Stored items →
----------

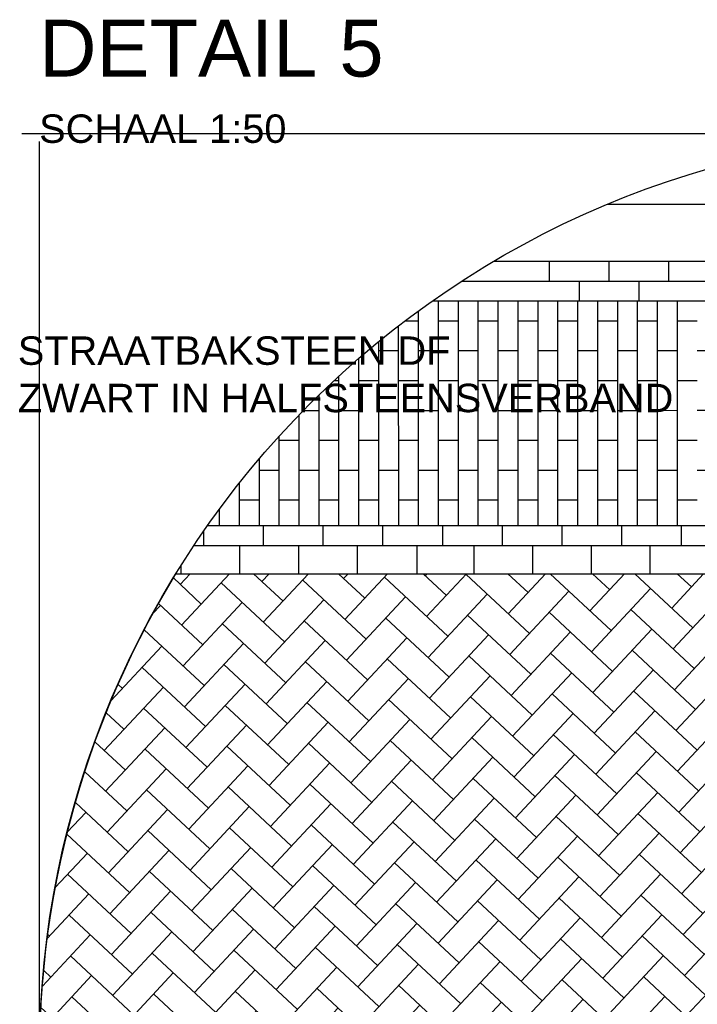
# Model space of a CAD drawing. Header units: metres. Extents: x 252743 to 254903, y 592696 to 593766.
# Tile 218 of 256: x 254476.94 to 254479.32, y 593479.18 to 593482.65. Entities that reach past the tile are written whole.
import ezdxf

# ---------------------------------------------------------------- set-up
doc = ezdxf.new("R2010")
doc.units = ezdxf.units.M
for name, color, linetype in [('N-WB-AANDUIDING PROFIEL', 4, 'Continuous'), ('N-WB-PROFIEL-ARC', 8, 'Continuous'), ('N-WB-PROFIEL-LIJN', 3, 'Continuous'), ('N-WB-PROFIEL-TEKST 50', 7, 'Continuous')]:
    doc.layers.add(name, color=color, linetype=linetype)
doc.layers.add('N-WB-PROFIEL-HULP', color=6, linetype='Continuous', plot=False)
doc.styles.add('N_STANDARD 50', font='arial.ttf', dxfattribs={"height": 0.1})

msp = doc.modelspace()

# ---------------------------------------------------------------- hatches: boundary and pattern name
at = {"layer": 'N-WB-PROFIEL-ARC'}
h = msp.add_hatch(dxfattribs=at)
h.set_pattern_fill('AR-HBONE', color=256, scale=0.001, angle=2, style=0)
h.set_pattern_definition([(47, (44036.03206, 70635.50495), (-0.005014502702, 0.143596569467), [0.3048, -0.1016]), (137, (44036.10135, 70635.57926), (-0.005014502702, 0.143596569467), [0.3048, -0.1016])])
edge = h.paths.add_edge_path()
edge.add_arc((254480.2645, 593478.9966), 3.2578, 148.5335, 220.1238, ccw=False)
edge.add_line((254477.4858, 593480.6972), (254479.5638, 593480.6971))
edge.add_line((254479.5638, 593480.6971), (254479.564, 593476.8972))
edge.add_line((254479.564, 593476.8972), (254477.7734, 593476.8972))

# ---------------------------------------------------------------- linework, layer by layer
at = {"layer": 'N-WB-AANDUIDING PROFIEL', "lineweight": -3}
msp.add_circle((254480.2581, 593478.996), 3.2527, dxfattribs=at)
msp.add_circle((254480.2581, 593478.996), 3.2527, dxfattribs=at)
at = {"layer": 'N-WB-PROFIEL-ARC'}
for p, q in [((254478.7994, 593481.7272), (254478.7994, 593481.7972)), ((254478.7994, 593481.7272), (254478.7994, 593481.7972)), ((254479.0094, 593481.7272), (254479.0094, 593481.7972)), ((254479.0094, 593481.7272), (254479.0094, 593481.7972)), ((254479.2194, 593481.7272), (254479.2194, 593481.7972)), ((254479.2194, 593481.7272), (254479.2194, 593481.7972)), ((254478.4916, 593481.7272), (254479.669, 593481.7272)), ((254478.829, 593481.7272), (254478.899, 593481.7272)), ((254478.829, 593481.7272), (254478.899, 593481.7272)), ((254478.9044, 593481.6572), (254478.9044, 593481.7272)), ((254478.9044, 593481.6572), (254478.9044, 593481.7272)), ((254479.004, 593481.7272), (254479.074, 593481.7272)), ((254479.004, 593481.7272), (254479.074, 593481.7272)), ((254479.039, 593481.7272), (254479.109, 593481.7272)), ((254479.039, 593481.7272), (254479.109, 593481.7272)), ((254479.1144, 593481.6572), (254479.1144, 593481.7272)), ((254479.1144, 593481.6572), (254479.1144, 593481.7272)), ((254479.214, 593481.7272), (254479.284, 593481.7272)), ((254479.214, 593481.7272), (254479.284, 593481.7272)), ((254479.249, 593481.7273), (254479.319, 593481.7273)), ((254479.249, 593481.7273), (254479.319, 593481.7273)), ((254478.3878, 593481.6572), (254479.669, 593481.6572)), ((254478.3878, 593481.6572), (254478.444, 593481.6572)), ((254478.3878, 593481.6572), (254478.444, 593481.6572)), ((254478.4091, 593480.8671), (254478.409, 593481.6571)), ((254478.4791, 593480.8671), (254478.4792, 593481.6571)), ((254478.5491, 593480.8671), (254478.549, 593481.6571)), ((254478.6191, 593480.8671), (254478.6192, 593481.6571)), ((254478.6891, 593480.8671), (254478.689, 593481.6571)), ((254478.7591, 593480.8671), (254478.7592, 593481.6571)), ((254478.8291, 593480.8671), (254478.829, 593481.6571)), ((254478.8991, 593480.8671), (254478.8992, 593481.6571)), ((254478.934, 593481.6572), (254479.004, 593481.6572)), ((254478.934, 593481.6572), (254479.004, 593481.6572)), ((254478.9691, 593480.8672), (254478.969, 593481.6572)), ((254479.0391, 593480.8672), (254479.0392, 593481.6572)), ((254479.1091, 593480.8672), (254479.109, 593481.6572)), ((254479.144, 593481.6572), (254479.214, 593481.6572)), ((254479.144, 593481.6572), (254479.214, 593481.6572)), ((254479.1791, 593480.8672), (254479.1792, 593481.6572)), ((254479.2491, 593480.8672), (254479.249, 593481.6572)), ((254478.3391, 593480.8671), (254478.3392, 593481.6223)), ((254478.292, 593481.5872), (254478.339, 593481.5872)), ((254478.292, 593481.5872), (254478.339, 593481.5872)), ((254478.409, 593481.5872), (254478.479, 593481.5872)), ((254478.409, 593481.5872), (254478.479, 593481.5872)), ((254478.549, 593481.5872), (254478.619, 593481.5872)), ((254478.549, 593481.5872), (254478.619, 593481.5872)), ((254478.689, 593481.5872), (254478.759, 593481.5872)), ((254478.689, 593481.5872), (254478.759, 593481.5872)), ((254478.829, 593481.5872), (254478.899, 593481.5872)), ((254478.829, 593481.5872), (254478.899, 593481.5872)), ((254478.969, 593481.5872), (254479.039, 593481.5872)), ((254478.969, 593481.5872), (254479.039, 593481.5872)), ((254479.109, 593481.5872), (254479.179, 593481.5872)), ((254479.109, 593481.5872), (254479.179, 593481.5872)), ((254479.249, 593481.5873), (254479.319, 593481.5873)), ((254479.249, 593481.5873), (254479.319, 593481.5873)), ((254478.2691, 593480.8671), (254478.269, 593481.5696)), ((254478.1991, 593480.8671), (254478.1992, 593481.5141)), ((254478.199, 593481.4822), (254478.269, 593481.4822)), ((254478.199, 593481.4822), (254478.269, 593481.4822)), ((254478.339, 593481.4822), (254478.409, 593481.4822)), ((254478.339, 593481.4822), (254478.409, 593481.4822)), ((254478.479, 593481.4822), (254478.549, 593481.4822)), ((254478.479, 593481.4822), (254478.549, 593481.4822)), ((254478.619, 593481.4822), (254478.689, 593481.4822)), ((254478.619, 593481.4822), (254478.689, 593481.4822)), ((254478.759, 593481.4822), (254478.829, 593481.4822)), ((254478.759, 593481.4822), (254478.829, 593481.4822)), ((254478.899, 593481.4822), (254478.969, 593481.4822)), ((254478.899, 593481.4822), (254478.969, 593481.4822)), ((254479.039, 593481.4822), (254479.109, 593481.4822)), ((254479.039, 593481.4822), (254479.109, 593481.4822)), ((254479.179, 593481.4822), (254479.249, 593481.4823)), ((254479.179, 593481.4822), (254479.249, 593481.4823)), ((254479.319, 593481.4823), (254479.389, 593481.4823)), ((254479.319, 593481.4823), (254479.389, 593481.4823)), ((254478.1291, 593480.8671), (254478.129, 593481.455)), ((254478.0423, 593481.3771), (254478.059, 593481.3771)), ((254478.0423, 593481.3771), (254478.059, 593481.3771)), ((254478.0591, 593480.8671), (254478.0591, 593481.3928)), ((254478.129, 593481.3772), (254478.199, 593481.3772)), ((254478.129, 593481.3772), (254478.199, 593481.3772)), ((254478.269, 593481.3772), (254478.339, 593481.3772)), ((254478.269, 593481.3772), (254478.339, 593481.3772)), ((254478.409, 593481.3772), (254478.479, 593481.3772)), ((254478.409, 593481.3772), (254478.479, 593481.3772)), ((254478.549, 593481.3772), (254478.619, 593481.3772)), ((254478.549, 593481.3772), (254478.619, 593481.3772)), ((254478.689, 593481.3772), (254478.759, 593481.3772)), ((254478.689, 593481.3772), (254478.759, 593481.3772)), ((254478.829, 593481.3772), (254478.899, 593481.3772)), ((254478.829, 593481.3772), (254478.899, 593481.3772)), ((254478.969, 593481.3772), (254479.039, 593481.3772)), ((254478.969, 593481.3772), (254479.039, 593481.3772)), ((254479.109, 593481.3772), (254479.179, 593481.3772)), ((254479.109, 593481.3772), (254479.179, 593481.3772)), ((254479.249, 593481.3773), (254479.319, 593481.3773)), ((254479.249, 593481.3773), (254479.319, 593481.3773)), ((254477.9891, 593480.8671), (254477.989, 593481.3265)), ((254477.9345, 593481.2721), (254477.989, 593481.2721)), ((254477.9345, 593481.2721), (254477.989, 593481.2721)), ((254478.059, 593481.2721), (254478.129, 593481.2722)), ((254478.059, 593481.2721), (254478.129, 593481.2722)), ((254478.199, 593481.2722), (254478.269, 593481.2722)), ((254478.199, 593481.2722), (254478.269, 593481.2722)), ((254478.339, 593481.2722), (254478.409, 593481.2722)), ((254478.339, 593481.2722), (254478.409, 593481.2722)), ((254478.479, 593481.2722), (254478.549, 593481.2722)), ((254478.479, 593481.2722), (254478.549, 593481.2722)), ((254478.619, 593481.2722), (254478.689, 593481.2722)), ((254478.619, 593481.2722), (254478.689, 593481.2722)), ((254478.759, 593481.2722), (254478.829, 593481.2722)), ((254478.759, 593481.2722), (254478.829, 593481.2722)), ((254478.899, 593481.2722), (254478.969, 593481.2722)), ((254478.899, 593481.2722), (254478.969, 593481.2722)), ((254479.039, 593481.2722), (254479.109, 593481.2722)), ((254479.039, 593481.2722), (254479.109, 593481.2722)), ((254479.179, 593481.2722), (254479.249, 593481.2723)), ((254479.179, 593481.2722), (254479.249, 593481.2723)), ((254479.319, 593481.2723), (254479.389, 593481.2723)), ((254479.319, 593481.2723), (254479.389, 593481.2723)), ((254477.9191, 593480.8671), (254477.9191, 593481.2563)), ((254477.8491, 593480.8671), (254477.849, 593481.1815)), ((254477.849, 593481.1671), (254477.919, 593481.1671)), ((254477.849, 593481.1671), (254477.919, 593481.1671)), ((254477.989, 593481.1671), (254478.059, 593481.1671)), ((254477.989, 593481.1671), (254478.059, 593481.1671)), ((254478.129, 593481.1672), (254478.199, 593481.1672)), ((254478.129, 593481.1672), (254478.199, 593481.1672)), ((254478.269, 593481.1672), (254478.339, 593481.1672)), ((254478.269, 593481.1672), (254478.339, 593481.1672)), ((254478.409, 593481.1672), (254478.479, 593481.1672)), ((254478.409, 593481.1672), (254478.479, 593481.1672)), ((254478.549, 593481.1672), (254478.619, 593481.1672)), ((254478.549, 593481.1672), (254478.619, 593481.1672)), ((254478.689, 593481.1672), (254478.759, 593481.1672)), ((254478.689, 593481.1672), (254478.759, 593481.1672)), ((254478.829, 593481.1672), (254478.899, 593481.1672)), ((254478.829, 593481.1672), (254478.899, 593481.1672)), ((254478.969, 593481.1672), (254479.039, 593481.1672)), ((254478.969, 593481.1672), (254479.039, 593481.1672)), ((254479.109, 593481.1672), (254479.179, 593481.1672)), ((254479.109, 593481.1672), (254479.179, 593481.1672)), ((254479.249, 593481.1673), (254479.319, 593481.1673)), ((254479.249, 593481.1673), (254479.319, 593481.1673)), ((254477.7791, 593480.867), (254477.7791, 593481.1018)), ((254477.779, 593481.0621), (254477.849, 593481.0621)), ((254477.779, 593481.0621), (254477.849, 593481.0621)), ((254477.7791, 593481.0621), (254477.849, 593481.0621)), ((254477.919, 593481.0621), (254477.989, 593481.0621)), ((254477.919, 593481.0621), (254477.989, 593481.0621)), ((254477.9191, 593481.0621), (254477.989, 593481.0621)), ((254478.059, 593481.0621), (254478.129, 593481.0622)), ((254478.059, 593481.0621), (254478.129, 593481.0622)), ((254478.0591, 593481.0621), (254478.129, 593481.0622)), ((254478.199, 593481.0622), (254478.269, 593481.0622)), ((254478.199, 593481.0622), (254478.269, 593481.0622)), ((254478.1991, 593481.0622), (254478.269, 593481.0622)), ((254478.339, 593481.0622), (254478.409, 593481.0622)), ((254478.339, 593481.0622), (254478.409, 593481.0622)), ((254478.3391, 593481.0622), (254478.409, 593481.0622)), ((254478.479, 593481.0622), (254478.549, 593481.0622)), ((254478.479, 593481.0622), (254478.549, 593481.0622)), ((254478.4791, 593481.0622), (254478.549, 593481.0622)), ((254478.619, 593481.0622), (254478.689, 593481.0622)), ((254478.619, 593481.0622), (254478.689, 593481.0622)), ((254478.6191, 593481.0622), (254478.689, 593481.0622)), ((254478.759, 593481.0622), (254478.829, 593481.0622)), ((254478.759, 593481.0622), (254478.829, 593481.0622)), ((254478.7591, 593481.0622), (254478.829, 593481.0622)), ((254478.899, 593481.0622), (254478.969, 593481.0622)), ((254478.899, 593481.0622), (254478.969, 593481.0622)), ((254478.8991, 593481.0622), (254478.969, 593481.0622)), ((254479.039, 593481.0622), (254479.109, 593481.0622)), ((254479.039, 593481.0622), (254479.109, 593481.0622)), ((254479.0391, 593481.0622), (254479.109, 593481.0622)), ((254479.179, 593481.0622), (254479.249, 593481.0623)), ((254479.179, 593481.0622), (254479.249, 593481.0623)), ((254479.1791, 593481.0622), (254479.249, 593481.0623)), ((254479.319, 593481.0623), (254479.389, 593481.0623)), ((254479.319, 593481.0623), (254479.389, 593481.0623)), ((254477.7091, 593480.867), (254477.709, 593481.0164)), ((254477.7091, 593480.9571), (254477.7791, 593480.9571)), ((254477.7091, 593480.9571), (254477.7791, 593480.9571)), ((254477.8491, 593480.9571), (254477.9191, 593480.9571)), ((254477.8491, 593480.9571), (254477.9191, 593480.9571)), ((254477.9891, 593480.9571), (254478.0591, 593480.9571)), ((254477.9891, 593480.9571), (254478.0591, 593480.9571)), ((254478.1291, 593480.9572), (254478.1991, 593480.9572)), ((254478.1291, 593480.9572), (254478.1991, 593480.9572)), ((254478.2691, 593480.9572), (254478.3391, 593480.9572)), ((254478.2691, 593480.9572), (254478.3391, 593480.9572)), ((254478.4091, 593480.9572), (254478.4791, 593480.9572)), ((254478.4091, 593480.9572), (254478.4791, 593480.9572)), ((254478.5491, 593480.9572), (254478.6191, 593480.9572)), ((254478.5491, 593480.9572), (254478.6191, 593480.9572)), ((254478.6891, 593480.9572), (254478.7591, 593480.9572)), ((254478.6891, 593480.9572), (254478.7591, 593480.9572)), ((254478.8291, 593480.9572), (254478.8991, 593480.9572)), ((254478.8291, 593480.9572), (254478.8991, 593480.9572)), ((254478.9691, 593480.9572), (254479.0391, 593480.9572)), ((254478.9691, 593480.9572), (254479.0391, 593480.9572)), ((254479.1091, 593480.9572), (254479.1791, 593480.9572)), ((254479.1091, 593480.9572), (254479.1791, 593480.9572)), ((254479.2491, 593480.9573), (254479.3191, 593480.9573)), ((254479.2491, 593480.9573), (254479.3191, 593480.9573)), ((254477.6391, 593480.867), (254477.6391, 593480.9249)), ((254477.5839, 593480.797), (254477.5839, 593480.8476)), ((254477.5839, 593480.797), (254477.5839, 593480.8476)), ((254477.5976, 593480.8672), (254479.669, 593480.8672)), ((254477.7939, 593480.7971), (254477.7939, 593480.8671)), ((254477.7939, 593480.7971), (254477.7939, 593480.8671)), ((254478.0039, 593480.797), (254478.0039, 593480.867)), ((254478.2139, 593480.7971), (254478.2139, 593480.8671)), ((254478.2139, 593480.7971), (254478.2139, 593480.8671)), ((254478.4239, 593480.7971), (254478.4239, 593480.8671)), ((254478.4239, 593480.7971), (254478.4239, 593480.8671)), ((254478.6339, 593480.7971), (254478.6339, 593480.8671)), ((254478.8439, 593480.7971), (254478.8439, 593480.8671)), ((254478.8439, 593480.7971), (254478.8439, 593480.8671)), ((254479.0539, 593480.7971), (254479.0539, 593480.8671)), ((254479.0539, 593480.7971), (254479.0539, 593480.8671)), ((254479.2639, 593480.7971), (254479.2639, 593480.8671)), ((254479.2639, 593480.7971), (254479.2639, 593480.8671)), ((254477.7108, 593480.6972), (254477.7108, 593480.7969)), ((254477.7108, 593480.6972), (254477.7108, 593480.7969)), ((254477.9174, 593480.6972), (254477.9174, 593480.7969)), ((254477.9174, 593480.6972), (254477.9174, 593480.7969)), ((254478.124, 593480.6972), (254478.124, 593480.7969)), ((254478.124, 593480.6972), (254478.124, 593480.7969)), ((254478.334, 593480.6972), (254478.334, 593480.7969)), ((254478.334, 593480.6972), (254478.334, 593480.7969)), ((254478.534, 593480.6972), (254478.534, 593480.7972)), ((254478.534, 593480.6972), (254478.534, 593480.7972)), ((254478.7406, 593480.6972), (254478.7406, 593480.7969)), ((254478.7406, 593480.6972), (254478.7406, 593480.7969)), ((254478.9472, 593480.6972), (254478.9472, 593480.7969)), ((254478.9472, 593480.6972), (254478.9472, 593480.7969)), ((254479.1538, 593480.6972), (254479.1538, 593480.7969)), ((254479.1538, 593480.6972), (254479.1538, 593480.7969)), ((254477.5042, 593480.6972), (254477.5042, 593480.7268)), ((254477.5042, 593480.6972), (254477.5042, 593480.7268)), ((254477.4858, 593480.6972), (254479.5638, 593480.6972))]:
    msp.add_line(p, q, dxfattribs=at)
at = {"layer": 'N-WB-PROFIEL-HULP'}
for p, q in [((254480.5168, 593482.2451), (254476.9441, 593482.2451)), ((254477.0048, 593482.2184), (254477.0048, 593451.4353))]:
    msp.add_line(p, q, dxfattribs=at)
msp.add_lwpolyline([(254477.7734, 593476.8972, -0.322944), (254477.4858, 593480.6972), (254479.5638, 593480.6971), (254479.564, 593476.8972), (254477.7734, 593476.8972, -13.801624), (254477.7734, 593476.8972, 2.430821)], format="xyb", close=True, dxfattribs=at)
at = {"layer": 'N-WB-PROFIEL-LIJN'}
for p, q in [((254479.0039, 593481.9971), (254481.5119, 593481.9974)), ((254478.6047, 593481.7971), (254481.9111, 593481.7974)), ((254477.5496, 593480.797), (254479.6688, 593480.7971)), ((254478.689, 593480.7972), (254479.669, 593480.7972))]:
    msp.add_line(p, q, dxfattribs=at)

# ---------------------------------------------------------------- texts
at = {"layer": 'N-WB-PROFIEL-TEKST 50', "insert": (254477.0048, 593482.6467), "char_height": 0.1, "width": 1.608206, "attachment_point": 1, "style": 'N_STANDARD 50'}
msp.add_mtext('{\\H2x;DETAIL 5\\P}SCHAAL 1:50', dxfattribs=at)
at = {"layer": 'N-WB-PROFIEL-TEKST 50', "lineweight": -3, "insert": (254476.9299, 593481.5323), "char_height": 0.1, "width": 4.205228, "attachment_point": 1, "rotation": 0.0049, "style": 'N_STANDARD 50'}
msp.add_mtext('STRAATBAKSTEEN DF \\PZWART IN HALFSTEENSVERBAND ', dxfattribs=at)

doc.saveas('drawing.dxf')

----------

Lines from the records above that hold "color" are the ones to list.

for name, color, linetype in [('N-WB-AANDUIDING PROFIEL', 4, 'Continuous'), ('N-WB-PROFIEL-ARC', 8, 'Continuous'), ('N-WB-PROFIEL-LIJN', 3, 'Continuous'), ('N-WB-PROFIEL-TEKST 50', 7, 'Continuous')]:
    doc.layers.add(name, color=color, linetype=linetype)
doc.layers.add('N-WB-PROFIEL-HULP', color=6, linetype='Continuous', plot=False)
h.set_pattern_fill('AR-HBONE', color=256, scale=0.001, angle=2, style=0)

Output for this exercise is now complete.